Records that pass verification are marked `verification_status: verified`. Records that fail are marked `verification_status: needs_review` and surfaced to editors with the specific failure reason.

### Runtime: pilot vs. scale

| Aspect | Pilot | Scale |
|---|---|---|
| **Trigger** | Manual — editor runs a Claude Code session or scheduled task | Automated — Supabase edge function on a cron (daily or twice daily) |
| **Scope** | Sacramento County + California state feeds | All active jurisdictions with configured source feeds |
| **Pass 1** | Single Claude session processes all configured feeds | Parallelized by jurisdiction tier — federal, state, county batches |
| **Pass 2** | Same session, sequential | Separate edge function, can run independently |
| **Output** | Drafts written directly to `votd-prototype` | Drafts written to `votd-live` with audit trail |
| **Cost control** | Manual invocation = natural throttle | Token budget per run, configurable per jurisdiction |

For the pilot, a Claude Code scheduled task is the right fit: simple to set up, easy to iterate on, and the single-editor team can trigger it on demand.
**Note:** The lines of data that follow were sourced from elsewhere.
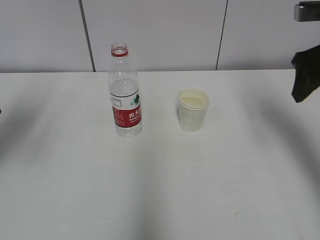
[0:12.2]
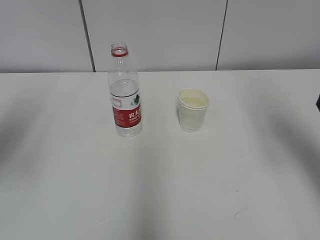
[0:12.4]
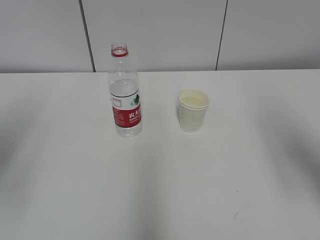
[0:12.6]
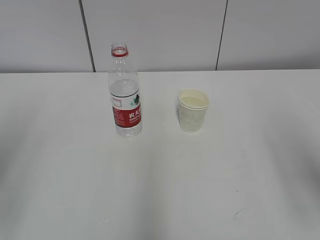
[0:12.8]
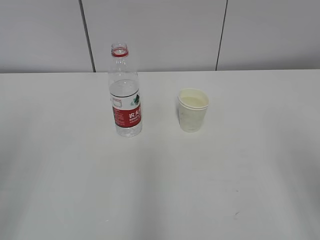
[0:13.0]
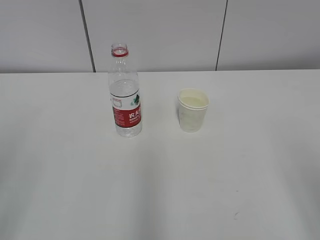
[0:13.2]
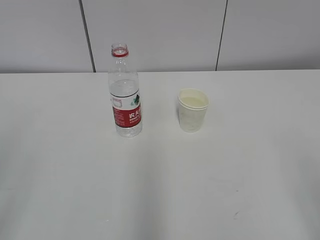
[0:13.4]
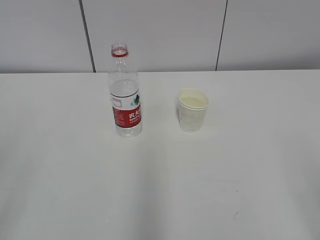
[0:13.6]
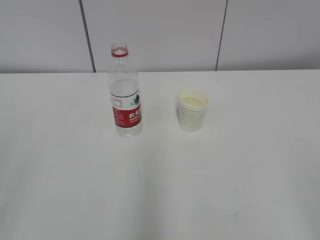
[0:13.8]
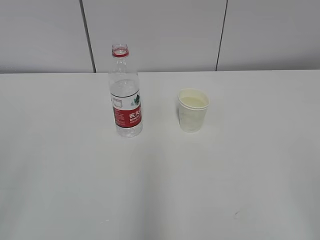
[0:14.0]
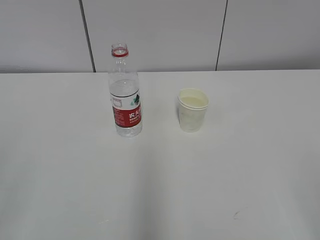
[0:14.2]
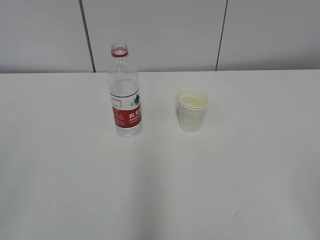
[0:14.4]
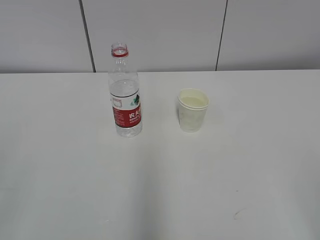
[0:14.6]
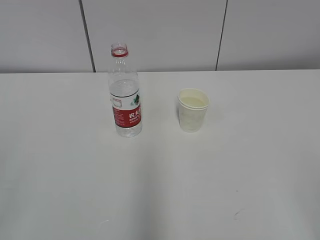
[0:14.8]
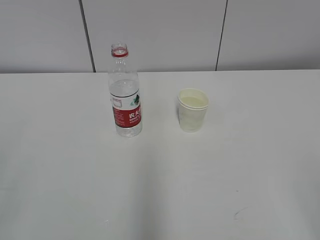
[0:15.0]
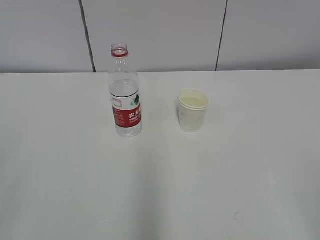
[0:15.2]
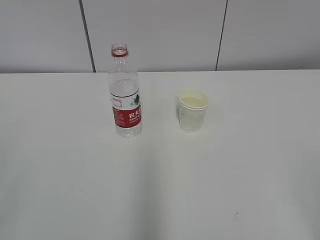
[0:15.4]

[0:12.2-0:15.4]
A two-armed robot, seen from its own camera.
0:12.2 to 0:13.8: Both grippers move backward, approximately 30 cm.

At scale, this moves to a Supabase edge function calling the Claude API with structured tool use, running on a cron schedule.

---

## Jurisdiction review tiers

Review tiers exist so that editors can be scoped to the jurisdictions they know and can manage. But tier assignment is driven by volume and expertise, not rigid 1:1 mapping. One person might comfortably handle all federal items plus a handful of states, while another might focus on a few counties and all the districts within them. The system needs to support both patterns.

### Tier model

| Tier | Examples | Typical reviewer profile |
|---|---|---|
| **Federal** | Congress, federal agencies | National editor — low volume, high expertise |
| **State** | State legislature, state agencies (CARB, DHCS, CDE) | State editor — moderate volume, policy expertise |
| **County** | Board of Supervisors, county planning | Regional editor — moderate volume, local knowledge |
| **Municipal** | City council, city commissions | Regional editor — higher volume, community context |
| **District** | School boards, utility districts, transit authorities | Regional editor — niche expertise, lower volume |

### How assignments actually work

Editors are not locked to a single tier. The `allowed_jurisdiction_ids` array on `admin_users` can contain jurisdictions at any mix of tiers:

- **Pilot (now):** One or two people manage everything — federal through district for Sacramento County and California. All editors are `superuser` or `editor` with unrestricted access.
- **Early growth:** One editor handles federal + 3–4 states. Another handles Sacramento County + Elk Grove + Rancho Cordova + all Sacramento districts. Assignments are based on what each person can handle, not formal tier boundaries.
- **At scale:** A federal/state team of 2–3 editors covers national and multi-state items. Regional editors each own a metro area (county + cities + districts within it). Volume determines headcount per region, not tier.

The infrastructure supports this because `allowed_jurisdiction_ids` is a flat array — it doesn't care about tier hierarchy. Assigning an editor to a state jurisdiction automatically gives them visibility into all counties, cities, and districts below it (via the recursive `parent_id` query). Assigning them to a county gives them that county plus everything below. Or they can be assigned to a specific list of individual jurisdictions across tiers if the workload calls for it.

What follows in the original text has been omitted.